Apple owes the California Institute of Technology $837 million for selling devices with patent-infringing Wi-Fi chips, a Los Angeles federal jury ruled on Wednesday. Broadcom, which sold the chips to Apple, owes Caltech another $270 million.
The nine-person jury in the US District Court for the Central District of California reached its verdict after a two-week trial, the Los Angeles Times and Law360 report. Apple and Broadcom plan to appeal the decision.
The patents claim irregular repeat-accumulate codes, a mathematical technique for encoding data that allows it to be reconstructed if some bits are scrambled during transmission. Error-correcting codes have been used in communications networks for decades, but IRA codes offered a better tradeoff between robustness and decoding time than previous techniques. Researchers at Caltech published a paper about the technique in 2000 and filed several patent applications around the same time.
IRA codes were introduced to the Wi-Fi standard with the adoption of 802.11n in 2009. Millions of Broadcom chips—and Apple devices containing those chips—have incorporated the algorithms since then. The devices at issue include iPhones, iPads, and MacBooks.
Neither Apple nor Broadcom licensed Caltech’s patents, and Caltech argued the companies owed hundreds of millions of dollars as a result. The defendants, however, argued that Caltech’s patents shouldn’t have been granted in the first place. They pointed out that other researchers developed and published similar error-correcting codes in the late 1990s and argued that Caltech’s algorithms were obvious extensions of that prior work.
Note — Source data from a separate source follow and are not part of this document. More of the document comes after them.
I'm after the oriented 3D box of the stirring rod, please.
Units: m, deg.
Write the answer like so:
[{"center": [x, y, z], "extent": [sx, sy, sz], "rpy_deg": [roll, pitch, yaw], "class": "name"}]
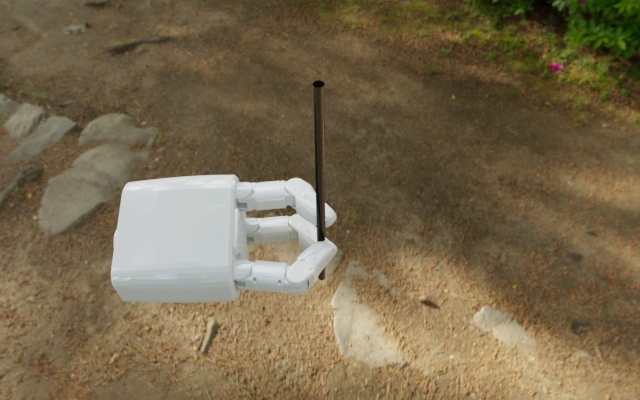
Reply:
[{"center": [0.000, 0.001, 0.408], "extent": [0.011, 0.011, 0.240], "rpy_deg": [0, -41, 1], "class": "stirring rod"}]
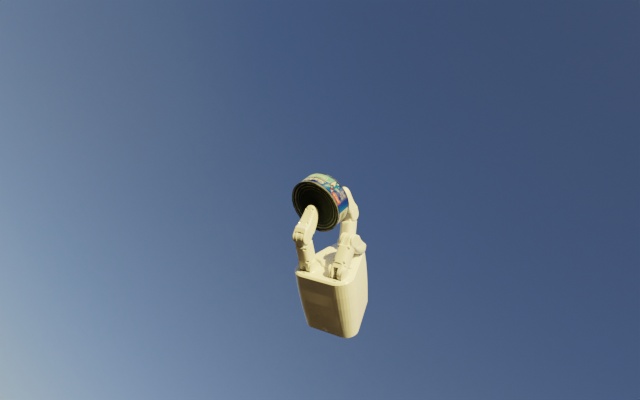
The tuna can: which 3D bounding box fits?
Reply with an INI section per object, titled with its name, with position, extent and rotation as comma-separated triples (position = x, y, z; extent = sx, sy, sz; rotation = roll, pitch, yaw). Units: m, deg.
[tuna can]
position = 0.000, 0.002, 0.723
extent = 0.086, 0.086, 0.033
rotation = 0, 28, 41
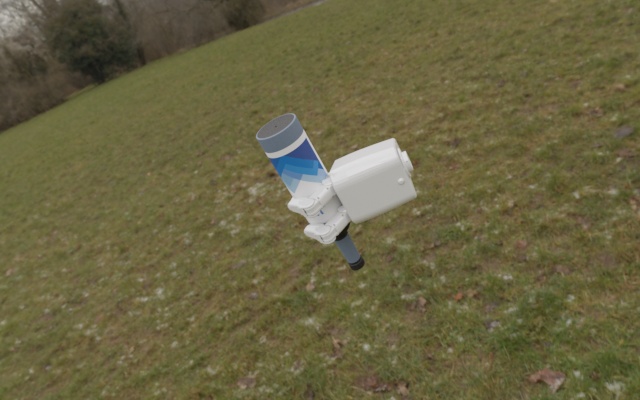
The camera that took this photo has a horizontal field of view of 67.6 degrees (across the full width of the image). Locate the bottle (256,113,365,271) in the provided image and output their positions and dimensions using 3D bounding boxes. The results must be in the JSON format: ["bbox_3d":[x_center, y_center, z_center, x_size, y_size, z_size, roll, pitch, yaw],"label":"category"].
[{"bbox_3d":[0.000,0.002,0.766,0.069,0.296,0.069,-23,30,14],"label":"bottle"}]
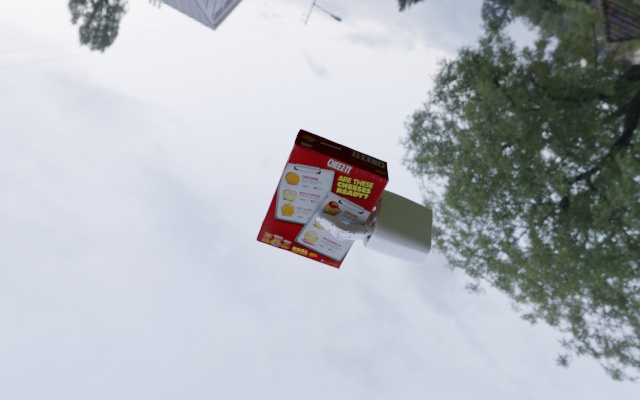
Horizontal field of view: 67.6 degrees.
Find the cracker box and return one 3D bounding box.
[{"bbox_3d":[0.000,0.003,0.832,0.164,0.214,0.072,20,33,-8],"label":"cracker box"}]
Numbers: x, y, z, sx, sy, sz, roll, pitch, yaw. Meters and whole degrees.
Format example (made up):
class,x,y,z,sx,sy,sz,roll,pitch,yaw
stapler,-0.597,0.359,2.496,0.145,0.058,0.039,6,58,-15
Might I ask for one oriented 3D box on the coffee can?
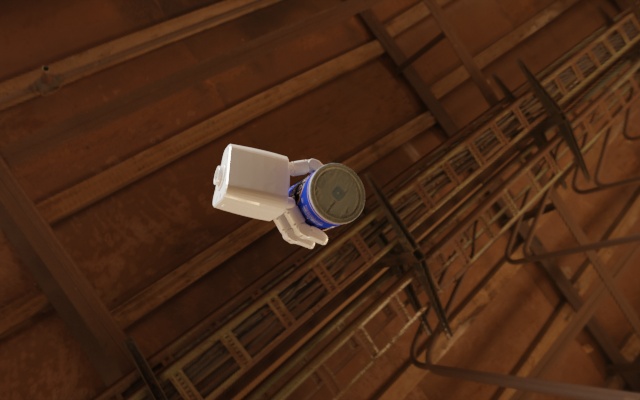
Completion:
class,x,y,z,sx,sy,sz,roll,pitch,yaw
coffee can,0.000,0.003,0.842,0.103,0.102,0.140,0,-13,-26
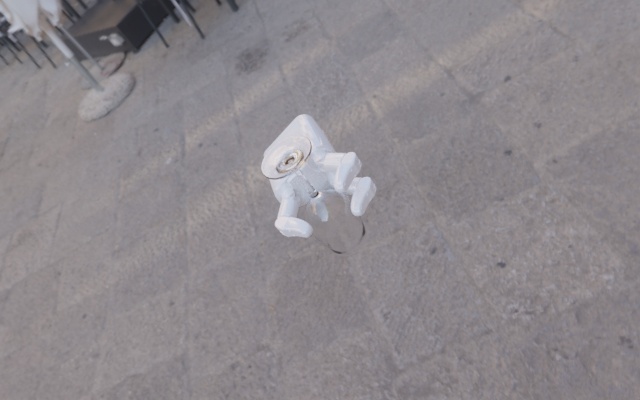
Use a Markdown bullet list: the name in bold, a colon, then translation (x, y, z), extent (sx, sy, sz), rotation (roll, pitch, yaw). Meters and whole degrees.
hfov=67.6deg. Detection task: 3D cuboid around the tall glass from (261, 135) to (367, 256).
- **tall glass**: translation (0.000, 0.002, 0.678), extent (0.079, 0.079, 0.201), rotation (0, -37, 34)
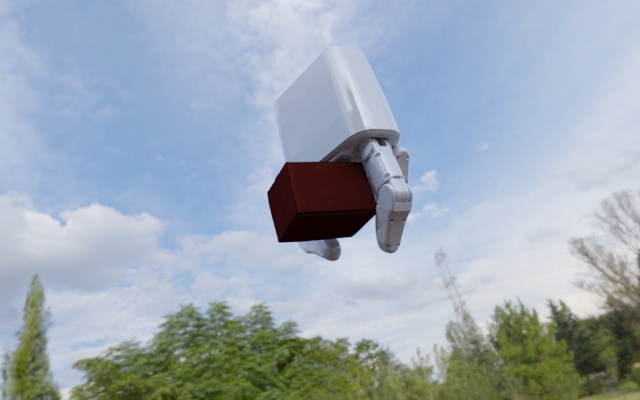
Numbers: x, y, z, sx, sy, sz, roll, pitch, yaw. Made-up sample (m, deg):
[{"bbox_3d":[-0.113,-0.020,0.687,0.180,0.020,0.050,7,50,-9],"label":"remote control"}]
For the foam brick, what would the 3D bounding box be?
[{"bbox_3d":[0.000,0.001,0.416,0.078,0.051,0.053,-2,-29,-28],"label":"foam brick"}]
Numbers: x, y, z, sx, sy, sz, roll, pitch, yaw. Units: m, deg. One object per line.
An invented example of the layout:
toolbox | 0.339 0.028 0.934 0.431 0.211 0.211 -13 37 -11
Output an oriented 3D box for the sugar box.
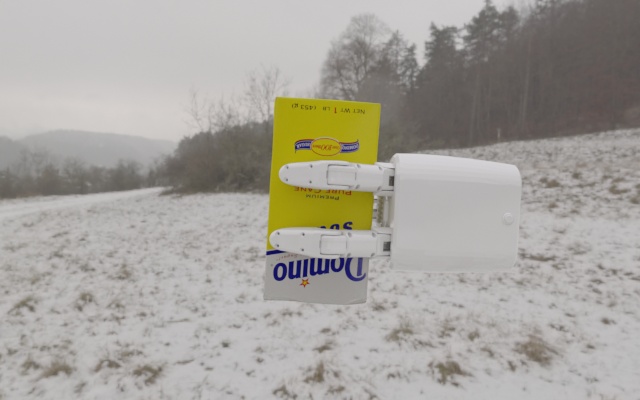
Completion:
sugar box | 0.000 0.001 0.425 0.093 0.176 0.048 3 1 -2
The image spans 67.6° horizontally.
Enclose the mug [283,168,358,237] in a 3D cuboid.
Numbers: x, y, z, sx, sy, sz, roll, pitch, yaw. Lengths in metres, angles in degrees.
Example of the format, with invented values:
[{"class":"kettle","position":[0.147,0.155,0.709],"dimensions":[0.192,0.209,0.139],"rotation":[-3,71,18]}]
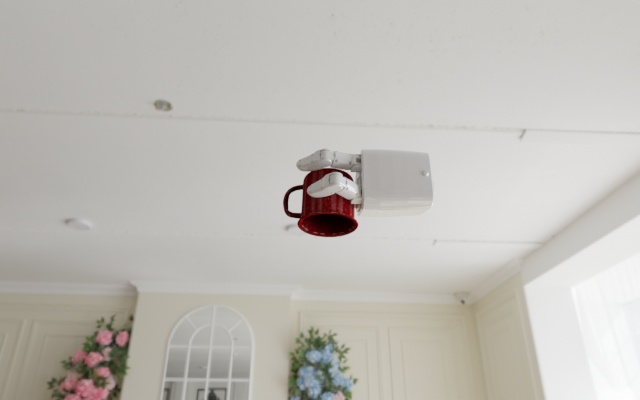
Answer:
[{"class":"mug","position":[-0.001,0.002,0.745],"dimensions":[0.117,0.081,0.093],"rotation":[0,-27,2]}]
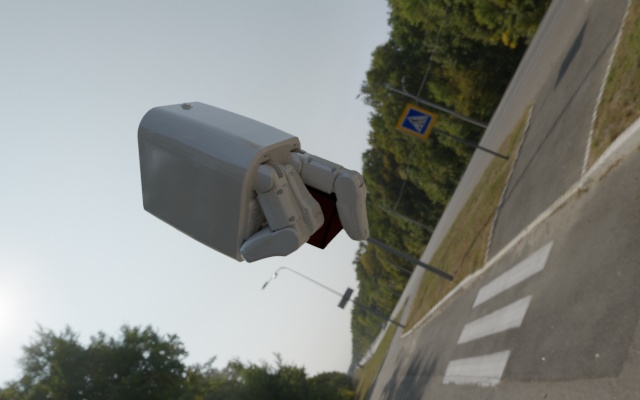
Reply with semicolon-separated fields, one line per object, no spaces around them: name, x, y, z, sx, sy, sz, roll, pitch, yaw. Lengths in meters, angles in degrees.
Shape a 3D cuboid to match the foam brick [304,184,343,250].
foam brick;0.000;0.002;0.448;0.051;0.053;0.078;23;22;14
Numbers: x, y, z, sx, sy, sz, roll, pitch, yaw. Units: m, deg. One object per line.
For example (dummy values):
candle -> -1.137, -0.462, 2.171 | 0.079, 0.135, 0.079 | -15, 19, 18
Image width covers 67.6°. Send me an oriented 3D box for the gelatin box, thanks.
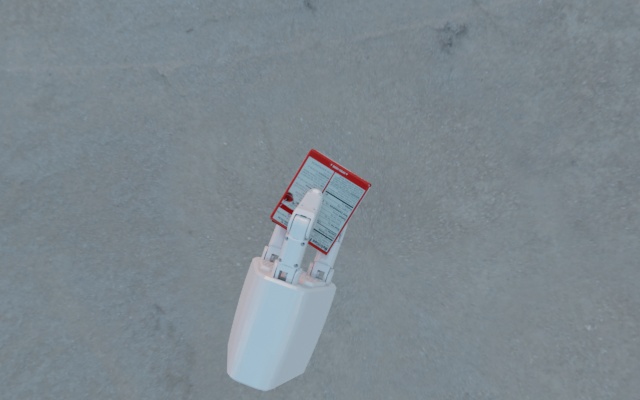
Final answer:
gelatin box -> 0.000, 0.001, 0.506 | 0.073, 0.089, 0.030 | 32, 6, 6
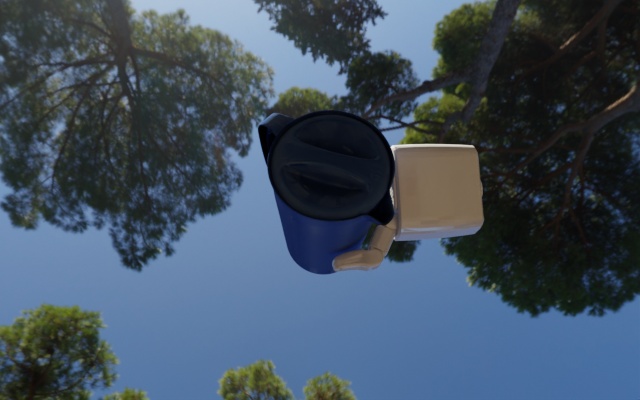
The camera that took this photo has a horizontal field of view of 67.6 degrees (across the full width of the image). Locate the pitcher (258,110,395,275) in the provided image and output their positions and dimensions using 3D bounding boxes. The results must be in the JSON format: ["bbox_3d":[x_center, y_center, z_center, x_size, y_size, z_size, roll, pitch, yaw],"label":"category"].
[{"bbox_3d":[0.000,0.002,0.600,0.145,0.149,0.243,-2,-25,-4],"label":"pitcher"}]
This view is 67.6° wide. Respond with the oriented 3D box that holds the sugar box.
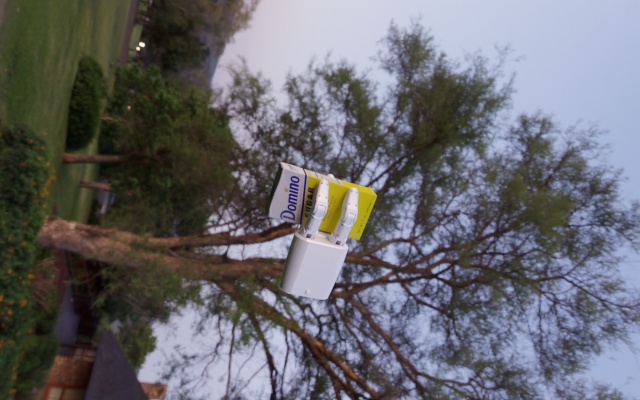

But those arguments didn’t persuade the patent judges who heard them. The Patent Trial and Appeal Board, part of the US Patent Office, rejected Apple’s efforts to invalidate the patents as obvious. The US Court of Appeals for the Federal Circuit upheld that decision last November.
During the trial, Broadcom and Apple argued that its implementation of error-correcting codes wasn’t covered by Caltech’s patents.
“There’s not a shred of evidence showing that Broadcom said, ‘Let’s use Caltech’s invention,'” a defense lawyer argued earlier this month. “That just never happened. The first time that Broadcom heard about these patents was when the lawsuit was filed.”
But accidental patent infringement is still infringement. And the jury determined that Broadcom’s implementation was covered by Caltech patents.